CMA allows us to analyze the genome for gains or losses of genetic material at a much higher resolution than
standard karyotype analysis, and routinely identifies alterations that would be missed on standard blood
chromosome analysis.CMA has been shown to identify a pathogenic chromosomal alteration in approximately 710% of cases, including those in which previous routine cytogenetic testing has been normal (Sebat et al. (2007)
Science. 316(5823):445-449; Autism Genome Project Consortium et al. (2007) Nat Genet. 39(3):319-328; Shen et
al. (2010) Pediatrics. 125:e727-e735). Our recommendation for CMA is in keeping with the American College of
Medical Genetics’ professional practice guidelines, which has established CMA as a standard of care evaluation for
individuals with autism spectrum disorders (Manning and Hudgins (2010) Genet in Med 12(11): 742-745).
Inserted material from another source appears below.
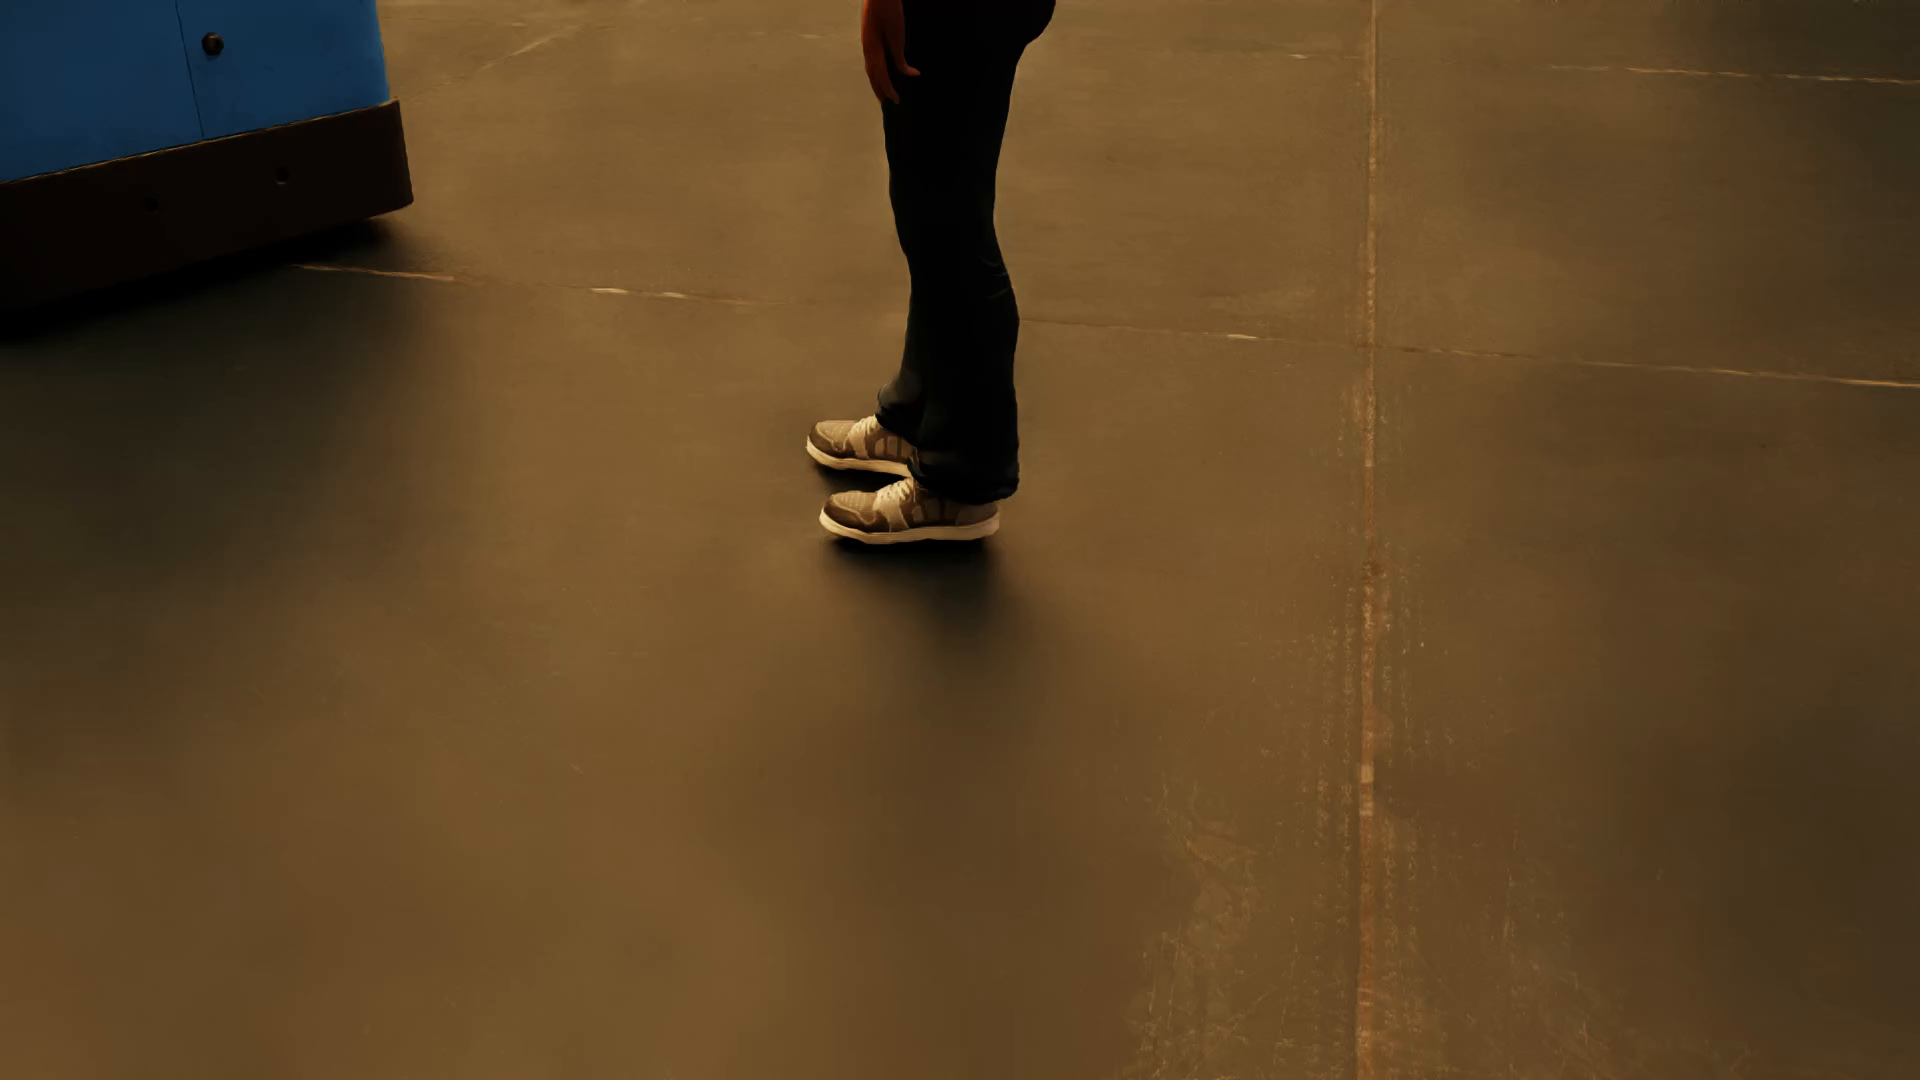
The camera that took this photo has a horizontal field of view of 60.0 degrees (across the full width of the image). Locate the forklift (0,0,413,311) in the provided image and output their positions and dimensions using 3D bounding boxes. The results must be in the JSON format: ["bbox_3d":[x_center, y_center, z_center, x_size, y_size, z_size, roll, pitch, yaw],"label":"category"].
[{"bbox_3d":[-2.776,-2.260,3.727,3.031,2.935,1.130,18,32,32],"label":"forklift"}]

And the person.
[{"bbox_3d":[-0.069,-0.733,2.163,0.474,1.597,0.520,6,27,11],"label":"person"}]

Multiple Congenital Anomalies

Congenital anomalies may be due to a genetic syndrome, chromosomal disorder, multifactorial condition, or may
be sporadic. In order to test [Patient Name] for common known genetic causes of congenital anomalies, we
recommend chromosomal microarray analysis (CMA). CMA analyzes the genome for gains or losses of genetic
material at a much higher resolution than standard karyotype analysis. CMA has the ability to detect small gains or
losses in genetic material that may have been missed on standard blood chromosome analysis alone. CMA is
considered standard of care in the evaluation of the individual with congenital anomalies by the American College of
Medical Genetics (Manning and Hudgins (2010) Genet in Med 12 (11): 742-745).
Prenatal - Ultrasound Anomalies and Normal Karyotype

In accordance with the American Congress of Obstetrics and Gynecology’s (ACOG) Committee Opinion #446,
which supports the use of chromosomal microarray analysis (CMA) in the setting of fetal abnormalities and a normal
fetal karyotype, we recommended CMA testing of [patient name]’s fetus (Obstet Gynecol. (2009) 114(5):1161-63).
CMA allows us to focus on known disease-associated regions within the genome, including all of the known
submicroscopic (i.e. not visible on high resolution karyotyping) microdeletion and microduplication syndromes, the
subtelomeres, and genome-wide coverage for the detection of other clinically significant regions that may lead to
mental retardation and/or additional health concerns.